One who didn't was William Benton, Democratic Senator from Connecticut. Well, McCarthy couldn't let this stand, so he let loose a smear campaign. He claimed not only that Benton was "soft on communism," but that while he was Assistant Secretary of State, he had protected known Communists, and that he purchased and displayed various "lewd art works." Damned if McCarthy's tactics didn't work. Benton lost the 1952 election.
McCarthy didn't need evidence. A Senate committee headed up by Millard Tydings found that the State Department was clear of communist influence, and that McCarthy's charges were a hoax. Whenever challenged for evidence to back up his claims, McCarthy would refuse and simply make more accusations.
In 1953, he became chairman of the Senate Government Operations Committee. With the aid of his assistants, Roy Cohn and David Schine, he used his power to bully, harass, and make fanciful allegations of communist ties against hundreds of people. He never once produced a single piece of documentation, but his allegations were responsible for destroying the careers of almost everyone he accused. Even Dwight Eisenhower was afraid to confront McCarthy's claims.
This is the end... my only friend, the end...
More people were starting to realize what was going on, and McCarthy was losing support. In May of 1954, he went against the Army, and its secretary, Robert Stevens. At the Army-McCarthy hearings, which were televised and watched by over 20 million Americans, he fired off random accusations of communism, and alleged that they tried to cover up espionage at Fort Monmouth, New Jersey.
President Eisenhower helped the army stage its defense, which turned into an offence soon enough. The counsel for the army recalled how McCarthy used his influence to gain soft army positions for his aide Schine. The press turned against him as well, with Edward R. Murrow showing unedited clips of the senator's behavior.
Joe and his aides were cleared of the charges, however after the nation saw that his strategy really was nothing more than pointing at people at random and yelling "Commie!" his credibility was shot.
On December 2, 1954 the senate voted to condemn him for “conduct contrary to Senatorial traditions.” He tried to get a few of his bills passed after that, but failed quite miserably.

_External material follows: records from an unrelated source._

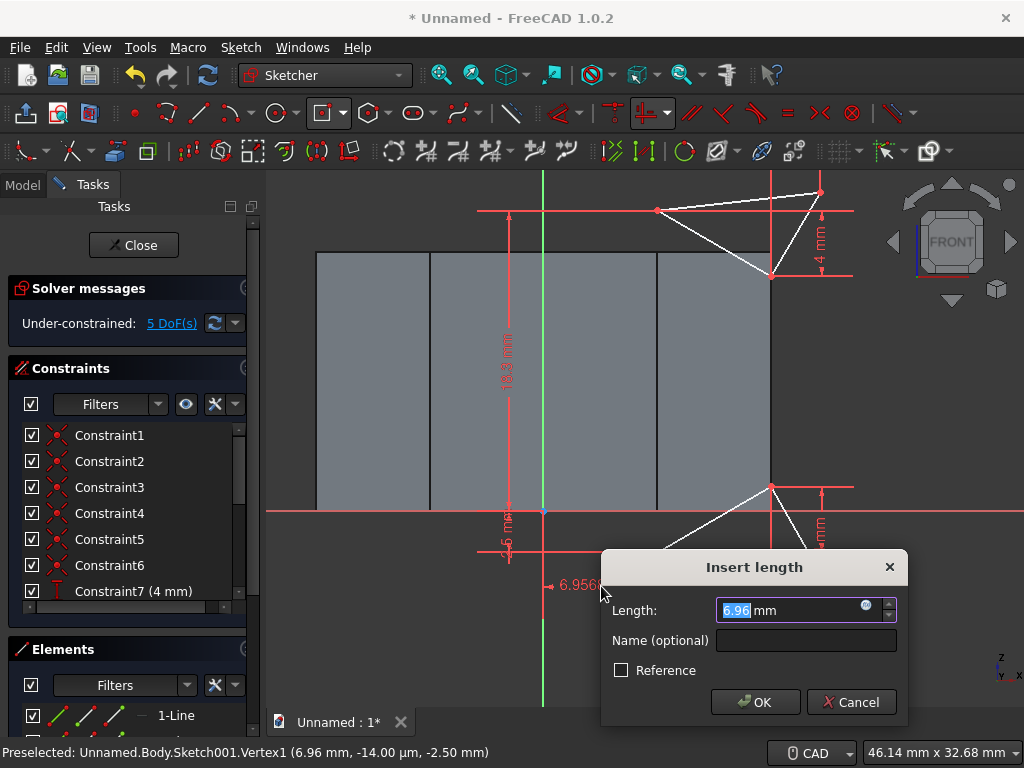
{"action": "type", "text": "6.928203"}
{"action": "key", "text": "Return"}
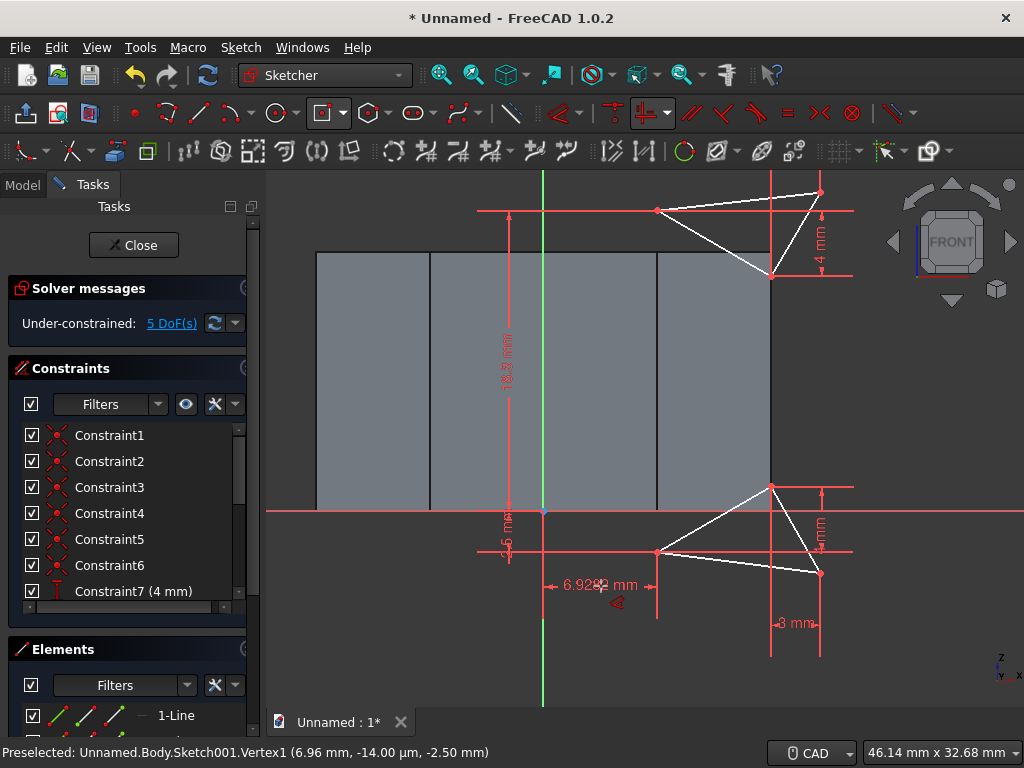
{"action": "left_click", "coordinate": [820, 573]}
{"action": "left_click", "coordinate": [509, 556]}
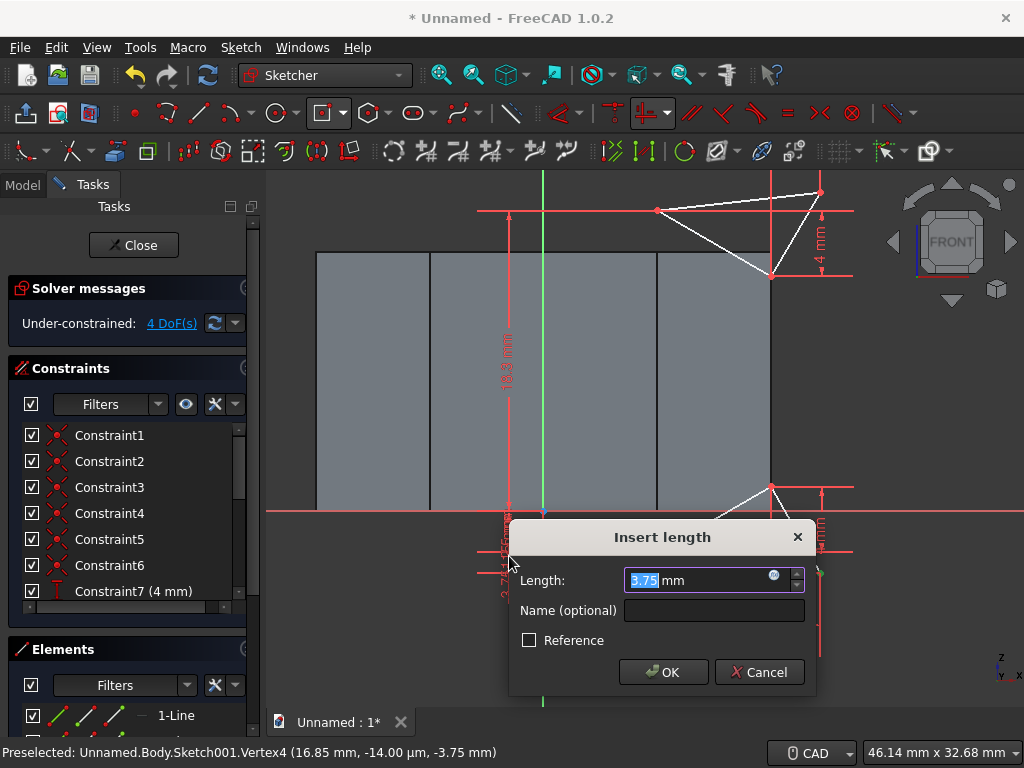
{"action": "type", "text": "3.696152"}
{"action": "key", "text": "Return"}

Despondent, he began to drink quite heavily, often being drunk for days at a time. This began to take its toll. On May 2, 1957 McCarthy died of peripheral neuritis as a result of alcohol-induced cirrhosis of the liver. His funeral was held in the Senate chambers, and he was buried in Appleton, Wisconsin.
Over time, his name has become synonymous with random false accusations of doing, or thinking, something that is currently politically unacceptable, designed more to destroy the career of the person accused than to actually bring them to trial and face jail time. While the accused may not be found guilty, people still remember the accusation, and their career dies as a result. It works for everyone from actors and directors to politicians.
McCarthyism is a bad thing. Actually showing proof is a good thing. Otherwise it is little more than a witch-hunt.